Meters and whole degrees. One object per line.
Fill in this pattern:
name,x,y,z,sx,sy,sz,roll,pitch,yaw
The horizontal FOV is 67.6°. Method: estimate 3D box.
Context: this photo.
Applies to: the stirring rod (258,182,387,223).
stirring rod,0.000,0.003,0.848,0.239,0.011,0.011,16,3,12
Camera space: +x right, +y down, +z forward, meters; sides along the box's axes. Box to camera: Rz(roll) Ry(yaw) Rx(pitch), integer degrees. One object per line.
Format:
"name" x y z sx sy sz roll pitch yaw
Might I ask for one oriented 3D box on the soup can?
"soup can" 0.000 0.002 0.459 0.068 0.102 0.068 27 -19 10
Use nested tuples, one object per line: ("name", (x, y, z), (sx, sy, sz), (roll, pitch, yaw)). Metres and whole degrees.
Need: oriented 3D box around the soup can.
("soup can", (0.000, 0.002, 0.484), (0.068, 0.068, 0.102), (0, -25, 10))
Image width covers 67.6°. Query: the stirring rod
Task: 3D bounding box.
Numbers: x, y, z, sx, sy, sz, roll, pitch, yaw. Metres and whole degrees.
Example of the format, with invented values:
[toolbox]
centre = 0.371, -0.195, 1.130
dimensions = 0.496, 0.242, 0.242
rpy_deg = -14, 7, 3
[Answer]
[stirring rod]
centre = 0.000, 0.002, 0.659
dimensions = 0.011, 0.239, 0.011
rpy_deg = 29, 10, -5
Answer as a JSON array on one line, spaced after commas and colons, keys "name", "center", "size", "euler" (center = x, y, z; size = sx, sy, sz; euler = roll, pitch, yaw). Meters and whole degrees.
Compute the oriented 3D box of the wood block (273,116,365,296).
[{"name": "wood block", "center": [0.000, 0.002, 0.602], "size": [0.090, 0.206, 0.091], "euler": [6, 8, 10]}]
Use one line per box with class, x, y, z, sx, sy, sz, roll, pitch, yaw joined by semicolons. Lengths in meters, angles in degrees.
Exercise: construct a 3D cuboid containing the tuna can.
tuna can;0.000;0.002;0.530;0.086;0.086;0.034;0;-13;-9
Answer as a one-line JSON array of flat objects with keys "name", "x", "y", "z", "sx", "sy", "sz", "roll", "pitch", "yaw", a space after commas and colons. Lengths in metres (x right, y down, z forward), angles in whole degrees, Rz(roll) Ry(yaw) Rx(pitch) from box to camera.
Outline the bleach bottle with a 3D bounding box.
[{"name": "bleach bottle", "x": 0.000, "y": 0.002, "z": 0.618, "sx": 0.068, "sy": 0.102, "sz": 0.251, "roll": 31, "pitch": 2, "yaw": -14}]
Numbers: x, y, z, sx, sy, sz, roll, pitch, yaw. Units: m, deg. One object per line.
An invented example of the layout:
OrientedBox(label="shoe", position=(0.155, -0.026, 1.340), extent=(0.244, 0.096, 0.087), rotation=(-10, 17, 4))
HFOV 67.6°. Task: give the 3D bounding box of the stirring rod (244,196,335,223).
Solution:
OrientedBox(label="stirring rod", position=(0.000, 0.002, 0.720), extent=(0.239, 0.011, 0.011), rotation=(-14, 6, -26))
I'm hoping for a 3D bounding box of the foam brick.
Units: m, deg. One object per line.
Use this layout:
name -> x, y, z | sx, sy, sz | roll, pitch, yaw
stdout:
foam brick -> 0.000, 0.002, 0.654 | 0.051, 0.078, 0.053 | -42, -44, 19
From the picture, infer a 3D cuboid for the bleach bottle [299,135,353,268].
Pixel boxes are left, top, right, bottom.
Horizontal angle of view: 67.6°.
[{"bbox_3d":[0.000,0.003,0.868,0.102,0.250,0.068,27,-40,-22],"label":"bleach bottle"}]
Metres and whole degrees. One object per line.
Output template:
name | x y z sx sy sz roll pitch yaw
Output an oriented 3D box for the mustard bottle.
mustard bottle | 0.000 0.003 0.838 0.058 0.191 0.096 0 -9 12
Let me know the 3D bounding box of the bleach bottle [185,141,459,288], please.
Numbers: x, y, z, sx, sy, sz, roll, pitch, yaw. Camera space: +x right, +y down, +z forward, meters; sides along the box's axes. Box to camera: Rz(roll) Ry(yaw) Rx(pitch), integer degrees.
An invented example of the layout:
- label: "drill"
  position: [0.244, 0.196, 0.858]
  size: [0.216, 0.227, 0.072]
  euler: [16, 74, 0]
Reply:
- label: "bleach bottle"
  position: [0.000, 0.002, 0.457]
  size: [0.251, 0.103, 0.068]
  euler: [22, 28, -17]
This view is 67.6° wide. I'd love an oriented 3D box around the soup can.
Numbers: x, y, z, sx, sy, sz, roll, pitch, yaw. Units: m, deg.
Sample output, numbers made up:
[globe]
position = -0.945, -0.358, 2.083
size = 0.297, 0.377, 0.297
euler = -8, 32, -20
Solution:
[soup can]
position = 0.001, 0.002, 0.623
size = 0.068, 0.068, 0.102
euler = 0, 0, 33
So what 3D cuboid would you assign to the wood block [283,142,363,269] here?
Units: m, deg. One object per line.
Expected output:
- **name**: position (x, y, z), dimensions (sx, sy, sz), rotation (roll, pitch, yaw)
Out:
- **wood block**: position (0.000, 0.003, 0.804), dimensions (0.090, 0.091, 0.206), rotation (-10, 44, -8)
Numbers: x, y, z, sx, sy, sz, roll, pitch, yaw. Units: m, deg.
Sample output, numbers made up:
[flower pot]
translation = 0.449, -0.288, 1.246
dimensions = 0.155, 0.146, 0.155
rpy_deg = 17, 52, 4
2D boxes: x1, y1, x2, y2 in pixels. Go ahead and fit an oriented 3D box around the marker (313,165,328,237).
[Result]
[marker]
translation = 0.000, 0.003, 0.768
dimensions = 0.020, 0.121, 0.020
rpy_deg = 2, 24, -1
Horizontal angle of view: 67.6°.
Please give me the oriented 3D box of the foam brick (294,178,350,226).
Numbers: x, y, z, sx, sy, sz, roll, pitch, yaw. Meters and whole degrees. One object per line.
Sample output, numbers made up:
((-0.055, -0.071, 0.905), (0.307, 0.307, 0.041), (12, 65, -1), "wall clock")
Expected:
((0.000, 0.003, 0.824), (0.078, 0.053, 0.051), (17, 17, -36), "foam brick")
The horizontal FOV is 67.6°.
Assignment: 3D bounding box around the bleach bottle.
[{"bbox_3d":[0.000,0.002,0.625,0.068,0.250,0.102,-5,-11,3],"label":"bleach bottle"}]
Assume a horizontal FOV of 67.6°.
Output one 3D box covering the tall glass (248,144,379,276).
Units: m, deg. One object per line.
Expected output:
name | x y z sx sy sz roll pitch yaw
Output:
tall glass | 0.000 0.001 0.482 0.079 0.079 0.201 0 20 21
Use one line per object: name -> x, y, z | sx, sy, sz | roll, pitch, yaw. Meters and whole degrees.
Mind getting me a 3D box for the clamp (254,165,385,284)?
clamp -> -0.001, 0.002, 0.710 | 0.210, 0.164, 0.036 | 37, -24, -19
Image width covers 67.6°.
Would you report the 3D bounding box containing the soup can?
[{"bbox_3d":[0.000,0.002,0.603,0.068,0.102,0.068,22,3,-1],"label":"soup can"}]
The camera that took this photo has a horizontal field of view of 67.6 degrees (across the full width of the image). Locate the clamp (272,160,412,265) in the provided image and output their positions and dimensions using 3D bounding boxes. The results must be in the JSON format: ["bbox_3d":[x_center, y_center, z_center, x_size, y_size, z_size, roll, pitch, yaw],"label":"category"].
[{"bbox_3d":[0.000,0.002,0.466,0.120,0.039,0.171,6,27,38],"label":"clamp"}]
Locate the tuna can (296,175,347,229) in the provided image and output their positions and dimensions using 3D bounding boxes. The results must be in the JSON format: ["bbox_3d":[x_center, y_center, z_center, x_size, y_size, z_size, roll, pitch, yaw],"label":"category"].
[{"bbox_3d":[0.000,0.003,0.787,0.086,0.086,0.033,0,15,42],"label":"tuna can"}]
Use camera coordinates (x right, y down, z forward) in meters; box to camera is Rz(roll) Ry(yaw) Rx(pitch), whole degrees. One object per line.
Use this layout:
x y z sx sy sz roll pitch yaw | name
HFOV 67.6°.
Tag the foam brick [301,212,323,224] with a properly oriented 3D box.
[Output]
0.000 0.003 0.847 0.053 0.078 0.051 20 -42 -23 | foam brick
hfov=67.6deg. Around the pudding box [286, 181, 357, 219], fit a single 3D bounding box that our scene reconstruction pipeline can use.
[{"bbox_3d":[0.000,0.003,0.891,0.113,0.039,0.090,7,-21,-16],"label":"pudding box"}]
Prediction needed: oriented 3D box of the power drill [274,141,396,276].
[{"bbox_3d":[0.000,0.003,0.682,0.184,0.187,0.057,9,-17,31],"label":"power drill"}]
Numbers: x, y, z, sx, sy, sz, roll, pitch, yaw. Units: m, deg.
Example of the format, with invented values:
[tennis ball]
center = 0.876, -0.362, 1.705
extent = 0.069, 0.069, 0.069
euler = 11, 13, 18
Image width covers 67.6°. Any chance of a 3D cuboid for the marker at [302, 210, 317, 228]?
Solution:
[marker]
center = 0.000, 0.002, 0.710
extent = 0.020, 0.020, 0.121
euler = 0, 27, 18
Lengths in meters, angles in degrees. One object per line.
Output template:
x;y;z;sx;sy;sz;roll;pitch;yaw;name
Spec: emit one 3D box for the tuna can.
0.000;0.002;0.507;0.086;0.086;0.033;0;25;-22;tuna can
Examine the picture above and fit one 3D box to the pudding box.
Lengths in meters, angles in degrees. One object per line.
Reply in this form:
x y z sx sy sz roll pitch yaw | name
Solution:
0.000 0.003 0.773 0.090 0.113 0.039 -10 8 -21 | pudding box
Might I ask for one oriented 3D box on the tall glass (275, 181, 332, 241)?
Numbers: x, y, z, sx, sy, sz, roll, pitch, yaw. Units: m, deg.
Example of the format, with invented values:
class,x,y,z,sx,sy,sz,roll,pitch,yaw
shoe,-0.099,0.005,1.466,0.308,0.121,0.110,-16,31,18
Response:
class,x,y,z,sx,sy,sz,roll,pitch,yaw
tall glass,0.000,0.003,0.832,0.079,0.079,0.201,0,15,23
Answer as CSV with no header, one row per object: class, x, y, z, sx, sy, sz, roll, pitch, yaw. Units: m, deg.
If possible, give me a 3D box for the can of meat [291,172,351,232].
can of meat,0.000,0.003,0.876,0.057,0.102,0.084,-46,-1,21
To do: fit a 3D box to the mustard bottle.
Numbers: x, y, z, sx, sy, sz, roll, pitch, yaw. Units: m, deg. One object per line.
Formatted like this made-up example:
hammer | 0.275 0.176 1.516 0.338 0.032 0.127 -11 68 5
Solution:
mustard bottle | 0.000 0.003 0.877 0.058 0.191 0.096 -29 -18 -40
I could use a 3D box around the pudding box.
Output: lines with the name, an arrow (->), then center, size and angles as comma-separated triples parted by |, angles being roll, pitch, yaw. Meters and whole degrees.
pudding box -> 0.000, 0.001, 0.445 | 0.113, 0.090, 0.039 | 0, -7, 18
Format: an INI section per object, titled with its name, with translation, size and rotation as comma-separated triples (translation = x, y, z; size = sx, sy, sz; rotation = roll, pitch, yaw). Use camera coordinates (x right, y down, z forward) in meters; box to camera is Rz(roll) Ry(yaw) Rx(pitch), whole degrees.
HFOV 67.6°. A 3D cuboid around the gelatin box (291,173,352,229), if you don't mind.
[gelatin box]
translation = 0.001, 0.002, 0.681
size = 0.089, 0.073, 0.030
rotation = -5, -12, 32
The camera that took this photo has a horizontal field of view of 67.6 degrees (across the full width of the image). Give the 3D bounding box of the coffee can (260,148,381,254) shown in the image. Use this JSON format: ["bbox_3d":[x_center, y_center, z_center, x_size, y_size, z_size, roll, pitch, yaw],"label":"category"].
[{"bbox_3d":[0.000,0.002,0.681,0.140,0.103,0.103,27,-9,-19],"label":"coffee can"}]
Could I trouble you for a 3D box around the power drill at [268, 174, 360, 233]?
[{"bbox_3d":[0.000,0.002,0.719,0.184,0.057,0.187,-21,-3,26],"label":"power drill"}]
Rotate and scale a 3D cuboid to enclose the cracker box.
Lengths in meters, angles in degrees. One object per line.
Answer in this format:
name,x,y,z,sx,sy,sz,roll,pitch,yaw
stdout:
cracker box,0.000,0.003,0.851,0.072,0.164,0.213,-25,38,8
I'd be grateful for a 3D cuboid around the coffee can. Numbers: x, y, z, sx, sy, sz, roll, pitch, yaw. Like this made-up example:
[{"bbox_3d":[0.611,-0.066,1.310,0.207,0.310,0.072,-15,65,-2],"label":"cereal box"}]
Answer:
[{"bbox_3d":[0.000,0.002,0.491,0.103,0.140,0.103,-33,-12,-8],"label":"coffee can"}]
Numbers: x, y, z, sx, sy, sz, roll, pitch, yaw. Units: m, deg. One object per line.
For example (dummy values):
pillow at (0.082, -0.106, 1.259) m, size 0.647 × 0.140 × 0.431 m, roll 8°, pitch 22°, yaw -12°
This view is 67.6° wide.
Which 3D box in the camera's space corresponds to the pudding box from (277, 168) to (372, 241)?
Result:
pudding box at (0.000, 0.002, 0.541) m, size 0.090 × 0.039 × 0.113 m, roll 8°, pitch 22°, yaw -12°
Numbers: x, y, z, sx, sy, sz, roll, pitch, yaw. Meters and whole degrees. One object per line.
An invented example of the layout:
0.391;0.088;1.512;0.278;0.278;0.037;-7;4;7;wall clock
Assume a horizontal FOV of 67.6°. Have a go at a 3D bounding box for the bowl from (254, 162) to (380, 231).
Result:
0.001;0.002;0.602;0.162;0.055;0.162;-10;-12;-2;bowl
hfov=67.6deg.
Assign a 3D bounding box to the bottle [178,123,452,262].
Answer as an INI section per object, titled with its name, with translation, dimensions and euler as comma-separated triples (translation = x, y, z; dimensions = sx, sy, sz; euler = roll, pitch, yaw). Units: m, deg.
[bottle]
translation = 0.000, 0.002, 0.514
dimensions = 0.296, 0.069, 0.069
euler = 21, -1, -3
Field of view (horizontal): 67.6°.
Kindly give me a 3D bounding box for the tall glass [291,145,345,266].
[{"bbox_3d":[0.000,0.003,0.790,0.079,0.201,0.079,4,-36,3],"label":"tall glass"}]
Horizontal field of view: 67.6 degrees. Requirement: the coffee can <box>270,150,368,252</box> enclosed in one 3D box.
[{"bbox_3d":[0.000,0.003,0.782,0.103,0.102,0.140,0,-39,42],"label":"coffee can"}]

* * *

Task instructions – Since only a count is wanted, give the number of lines in the listing that contain the word "shoe".

Task output – 2